[Source data]
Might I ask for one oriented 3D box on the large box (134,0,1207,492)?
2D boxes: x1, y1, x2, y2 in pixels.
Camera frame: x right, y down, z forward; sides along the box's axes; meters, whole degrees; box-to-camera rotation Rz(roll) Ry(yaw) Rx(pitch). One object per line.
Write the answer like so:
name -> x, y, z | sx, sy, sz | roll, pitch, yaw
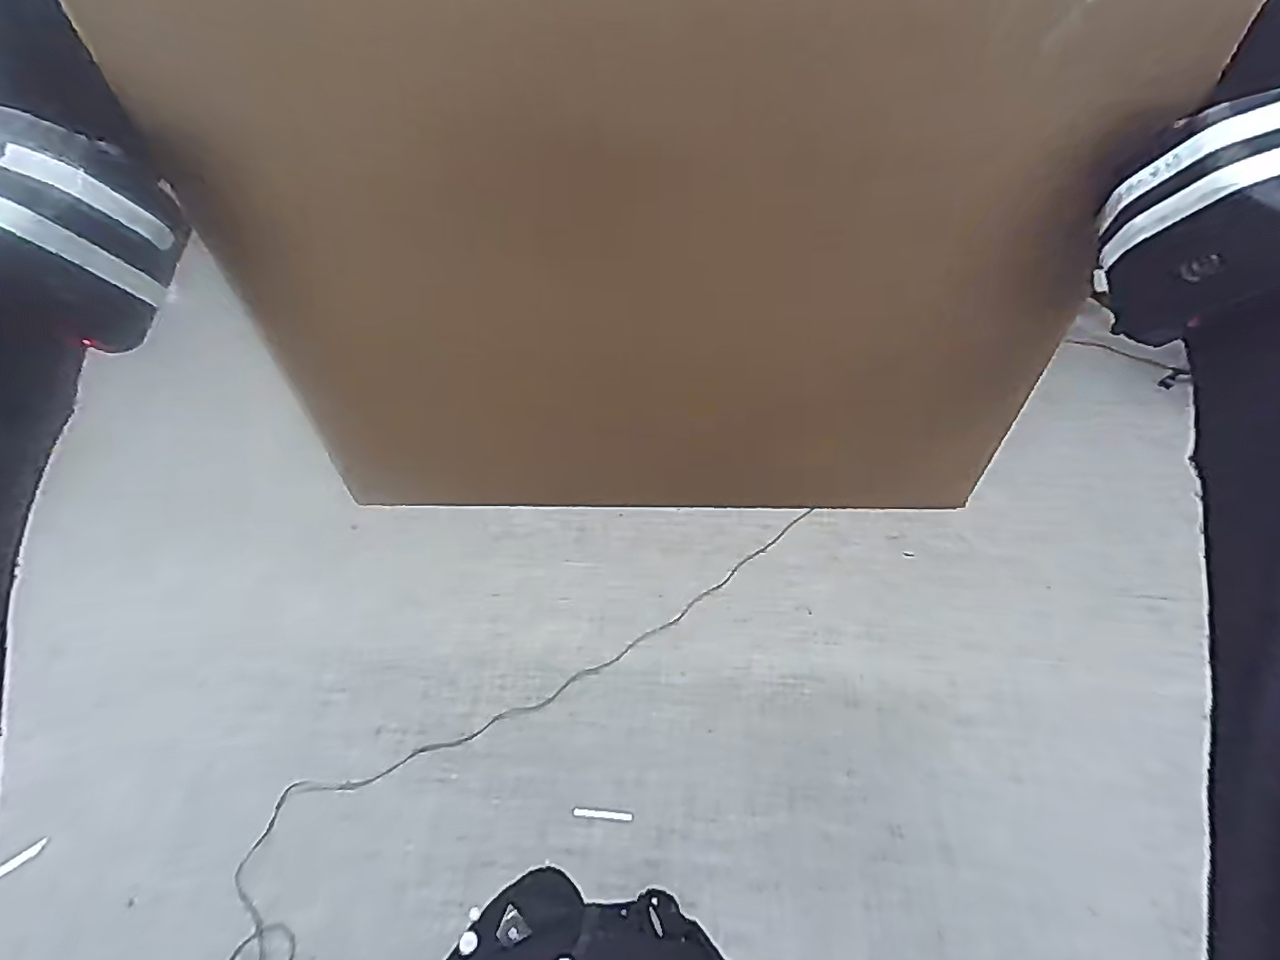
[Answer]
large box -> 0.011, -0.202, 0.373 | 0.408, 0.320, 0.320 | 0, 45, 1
---
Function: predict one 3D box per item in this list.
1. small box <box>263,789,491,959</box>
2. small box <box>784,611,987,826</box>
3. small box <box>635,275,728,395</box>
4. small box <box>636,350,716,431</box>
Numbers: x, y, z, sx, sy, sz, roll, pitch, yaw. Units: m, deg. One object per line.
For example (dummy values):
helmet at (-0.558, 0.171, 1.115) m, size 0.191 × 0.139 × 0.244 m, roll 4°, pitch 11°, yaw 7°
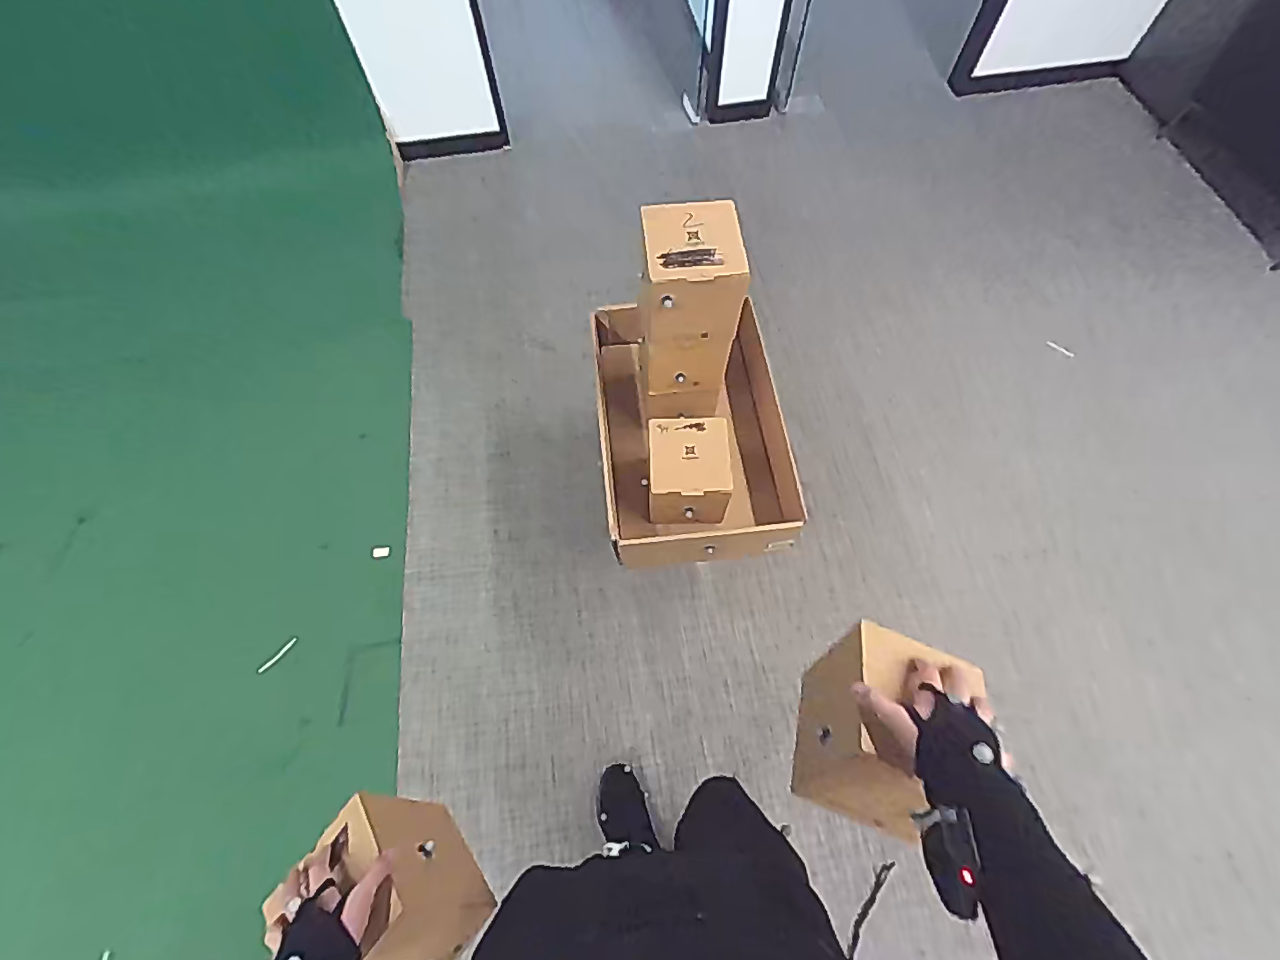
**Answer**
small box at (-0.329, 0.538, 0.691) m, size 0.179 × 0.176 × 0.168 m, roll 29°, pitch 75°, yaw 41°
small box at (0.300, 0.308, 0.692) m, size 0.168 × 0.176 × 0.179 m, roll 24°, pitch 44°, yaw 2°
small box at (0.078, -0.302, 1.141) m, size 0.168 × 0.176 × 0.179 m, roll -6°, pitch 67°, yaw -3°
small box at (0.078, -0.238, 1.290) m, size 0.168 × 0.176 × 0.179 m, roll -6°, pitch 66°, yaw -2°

Exercise directions = From the data above, copy out every line with the string "object" in it.

Problem solution =
Camera frame: x right, y down, z forward; sides along the box's axes; meters, whole degrees; box-to-camera rotation Rz(roll) Ry(yaw) Rx(pitch). One object per line.
Numbers: x, y, z, sx, sy, sz, roll, pitch, yaw. Units: m, deg. One object per line.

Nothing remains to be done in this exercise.